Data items
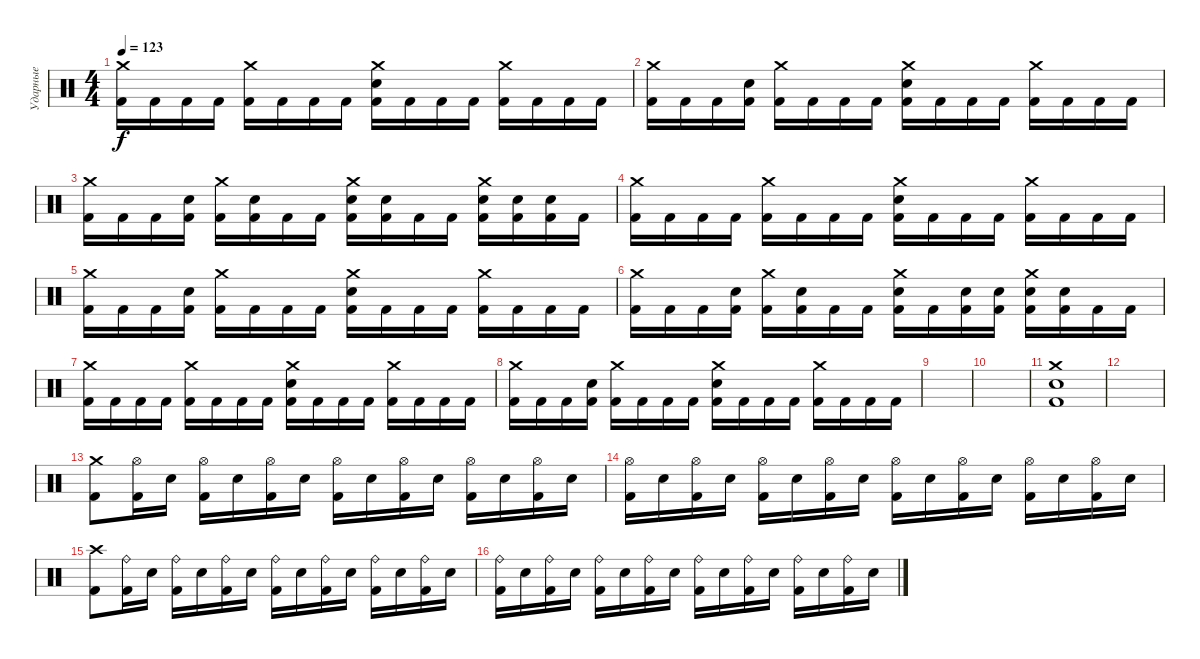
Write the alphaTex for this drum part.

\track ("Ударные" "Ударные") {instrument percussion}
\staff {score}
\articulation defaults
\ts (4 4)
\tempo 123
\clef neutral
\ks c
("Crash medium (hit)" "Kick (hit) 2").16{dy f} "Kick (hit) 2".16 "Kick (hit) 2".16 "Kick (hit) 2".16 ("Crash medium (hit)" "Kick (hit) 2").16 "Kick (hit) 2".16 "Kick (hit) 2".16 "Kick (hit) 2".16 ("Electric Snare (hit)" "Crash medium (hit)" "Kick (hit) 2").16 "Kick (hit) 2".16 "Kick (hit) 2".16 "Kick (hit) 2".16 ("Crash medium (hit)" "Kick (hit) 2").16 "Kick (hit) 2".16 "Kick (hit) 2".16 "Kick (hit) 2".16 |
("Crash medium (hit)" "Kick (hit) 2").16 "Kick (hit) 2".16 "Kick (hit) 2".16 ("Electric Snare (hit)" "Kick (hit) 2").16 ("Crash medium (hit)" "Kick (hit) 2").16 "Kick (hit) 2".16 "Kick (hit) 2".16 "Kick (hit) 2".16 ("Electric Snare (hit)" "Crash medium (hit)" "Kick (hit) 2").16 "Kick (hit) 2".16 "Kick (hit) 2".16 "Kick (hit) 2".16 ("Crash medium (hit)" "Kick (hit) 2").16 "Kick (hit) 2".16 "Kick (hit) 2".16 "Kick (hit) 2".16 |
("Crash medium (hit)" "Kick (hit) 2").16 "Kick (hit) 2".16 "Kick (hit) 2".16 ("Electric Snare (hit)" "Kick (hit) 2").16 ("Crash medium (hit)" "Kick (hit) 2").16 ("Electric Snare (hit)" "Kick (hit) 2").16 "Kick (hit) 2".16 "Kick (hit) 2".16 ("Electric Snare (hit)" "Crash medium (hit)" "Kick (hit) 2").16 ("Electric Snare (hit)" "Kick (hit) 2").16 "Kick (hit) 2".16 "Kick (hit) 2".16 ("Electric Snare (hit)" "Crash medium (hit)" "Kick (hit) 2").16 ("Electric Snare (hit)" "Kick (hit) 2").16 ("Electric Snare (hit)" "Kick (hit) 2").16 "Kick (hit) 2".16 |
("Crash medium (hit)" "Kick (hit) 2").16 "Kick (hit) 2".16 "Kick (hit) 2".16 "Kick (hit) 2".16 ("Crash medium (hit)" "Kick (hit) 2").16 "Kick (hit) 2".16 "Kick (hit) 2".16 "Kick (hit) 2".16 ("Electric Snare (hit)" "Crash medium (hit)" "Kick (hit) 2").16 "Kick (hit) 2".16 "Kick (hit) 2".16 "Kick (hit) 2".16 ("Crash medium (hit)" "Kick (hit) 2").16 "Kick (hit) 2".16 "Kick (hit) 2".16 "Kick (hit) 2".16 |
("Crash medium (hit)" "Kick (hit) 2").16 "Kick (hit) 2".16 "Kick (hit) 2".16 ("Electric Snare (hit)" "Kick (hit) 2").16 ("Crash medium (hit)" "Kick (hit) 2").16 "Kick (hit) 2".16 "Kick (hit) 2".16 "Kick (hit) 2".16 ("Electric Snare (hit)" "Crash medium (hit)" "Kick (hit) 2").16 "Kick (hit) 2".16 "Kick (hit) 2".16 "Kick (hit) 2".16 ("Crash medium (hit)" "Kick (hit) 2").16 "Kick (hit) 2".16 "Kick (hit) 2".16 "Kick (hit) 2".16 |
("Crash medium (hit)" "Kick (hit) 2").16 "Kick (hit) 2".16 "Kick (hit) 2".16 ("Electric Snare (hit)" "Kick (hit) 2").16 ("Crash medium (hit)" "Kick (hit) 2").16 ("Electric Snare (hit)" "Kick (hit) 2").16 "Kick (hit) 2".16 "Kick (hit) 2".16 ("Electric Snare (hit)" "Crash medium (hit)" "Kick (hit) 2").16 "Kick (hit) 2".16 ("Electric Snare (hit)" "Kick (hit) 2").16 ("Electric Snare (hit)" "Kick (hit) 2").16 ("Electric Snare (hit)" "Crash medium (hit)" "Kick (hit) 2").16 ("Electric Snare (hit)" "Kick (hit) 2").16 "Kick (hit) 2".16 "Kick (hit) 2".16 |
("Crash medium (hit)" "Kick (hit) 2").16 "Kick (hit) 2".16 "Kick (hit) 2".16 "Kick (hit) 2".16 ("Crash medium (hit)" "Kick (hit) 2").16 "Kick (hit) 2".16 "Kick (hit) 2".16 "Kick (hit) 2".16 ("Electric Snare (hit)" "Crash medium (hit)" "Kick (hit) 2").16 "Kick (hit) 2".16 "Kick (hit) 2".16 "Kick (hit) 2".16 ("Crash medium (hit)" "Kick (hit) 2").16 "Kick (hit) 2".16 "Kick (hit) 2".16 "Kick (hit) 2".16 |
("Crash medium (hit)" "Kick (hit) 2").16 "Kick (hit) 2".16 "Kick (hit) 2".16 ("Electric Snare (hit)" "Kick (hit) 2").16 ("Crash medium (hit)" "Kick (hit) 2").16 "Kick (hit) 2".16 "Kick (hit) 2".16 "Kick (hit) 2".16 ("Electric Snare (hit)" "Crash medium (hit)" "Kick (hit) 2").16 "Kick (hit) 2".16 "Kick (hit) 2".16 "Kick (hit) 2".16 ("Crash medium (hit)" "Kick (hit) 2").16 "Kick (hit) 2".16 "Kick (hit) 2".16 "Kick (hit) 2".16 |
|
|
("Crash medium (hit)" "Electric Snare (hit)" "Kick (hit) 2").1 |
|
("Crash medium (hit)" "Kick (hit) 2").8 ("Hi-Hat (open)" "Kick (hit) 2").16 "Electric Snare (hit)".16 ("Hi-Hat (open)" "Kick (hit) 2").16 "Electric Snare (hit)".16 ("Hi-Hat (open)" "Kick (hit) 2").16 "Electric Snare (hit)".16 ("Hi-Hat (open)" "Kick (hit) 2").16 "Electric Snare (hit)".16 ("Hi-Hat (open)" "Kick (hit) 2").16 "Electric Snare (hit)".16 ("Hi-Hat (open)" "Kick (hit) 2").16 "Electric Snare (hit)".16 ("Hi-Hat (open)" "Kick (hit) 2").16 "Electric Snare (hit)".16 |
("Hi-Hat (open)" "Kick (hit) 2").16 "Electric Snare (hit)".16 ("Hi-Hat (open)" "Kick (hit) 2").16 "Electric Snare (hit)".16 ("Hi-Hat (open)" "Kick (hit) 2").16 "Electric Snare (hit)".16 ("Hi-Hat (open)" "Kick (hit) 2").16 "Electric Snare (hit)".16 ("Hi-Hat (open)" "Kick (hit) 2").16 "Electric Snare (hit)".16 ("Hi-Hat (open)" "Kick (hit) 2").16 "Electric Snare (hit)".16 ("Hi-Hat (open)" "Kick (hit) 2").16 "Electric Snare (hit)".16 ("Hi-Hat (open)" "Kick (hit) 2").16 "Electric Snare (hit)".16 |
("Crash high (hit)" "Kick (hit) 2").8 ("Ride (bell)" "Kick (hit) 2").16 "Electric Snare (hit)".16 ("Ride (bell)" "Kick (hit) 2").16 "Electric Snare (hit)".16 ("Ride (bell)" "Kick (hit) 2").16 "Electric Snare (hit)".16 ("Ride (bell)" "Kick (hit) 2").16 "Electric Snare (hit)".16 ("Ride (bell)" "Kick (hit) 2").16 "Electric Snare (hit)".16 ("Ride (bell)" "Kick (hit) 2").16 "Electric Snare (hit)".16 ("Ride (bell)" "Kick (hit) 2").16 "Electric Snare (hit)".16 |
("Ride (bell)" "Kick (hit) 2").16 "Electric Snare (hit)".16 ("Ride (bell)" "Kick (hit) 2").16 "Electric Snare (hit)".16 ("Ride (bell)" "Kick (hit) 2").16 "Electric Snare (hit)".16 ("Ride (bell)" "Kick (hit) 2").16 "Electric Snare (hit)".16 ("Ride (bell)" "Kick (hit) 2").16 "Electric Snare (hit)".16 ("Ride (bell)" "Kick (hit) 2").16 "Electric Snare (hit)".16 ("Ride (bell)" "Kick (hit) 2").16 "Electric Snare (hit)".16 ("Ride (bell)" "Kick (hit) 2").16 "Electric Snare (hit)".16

> _PROBLEM_
Out of the preceding entries, pull every line containing the string "Ride".

> _YOUR SOLUTION_
("Crash high (hit)" "Kick (hit) 2").8 ("Ride (bell)" "Kick (hit) 2").16 "Electric Snare (hit)".16 ("Ride (bell)" "Kick (hit) 2").16 "Electric Snare (hit)".16 ("Ride (bell)" "Kick (hit) 2").16 "Electric Snare (hit)".16 ("Ride (bell)" "Kick (hit) 2").16 "Electric Snare (hit)".16 ("Ride (bell)" "Kick (hit) 2").16 "Electric Snare (hit)".16 ("Ride (bell)" "Kick (hit) 2").16 "Electric Snare (hit)".16 ("Ride (bell)" "Kick (hit) 2").16 "Electric Snare (hit)".16 |
("Ride (bell)" "Kick (hit) 2").16 "Electric Snare (hit)".16 ("Ride (bell)" "Kick (hit) 2").16 "Electric Snare (hit)".16 ("Ride (bell)" "Kick (hit) 2").16 "Electric Snare (hit)".16 ("Ride (bell)" "Kick (hit) 2").16 "Electric Snare (hit)".16 ("Ride (bell)" "Kick (hit) 2").16 "Electric Snare (hit)".16 ("Ride (bell)" "Kick (hit) 2").16 "Electric Snare (hit)".16 ("Ride (bell)" "Kick (hit) 2").16 "Electric Snare (hit)".16 ("Ride (bell)" "Kick (hit) 2").16 "Electric Snare (hit)".16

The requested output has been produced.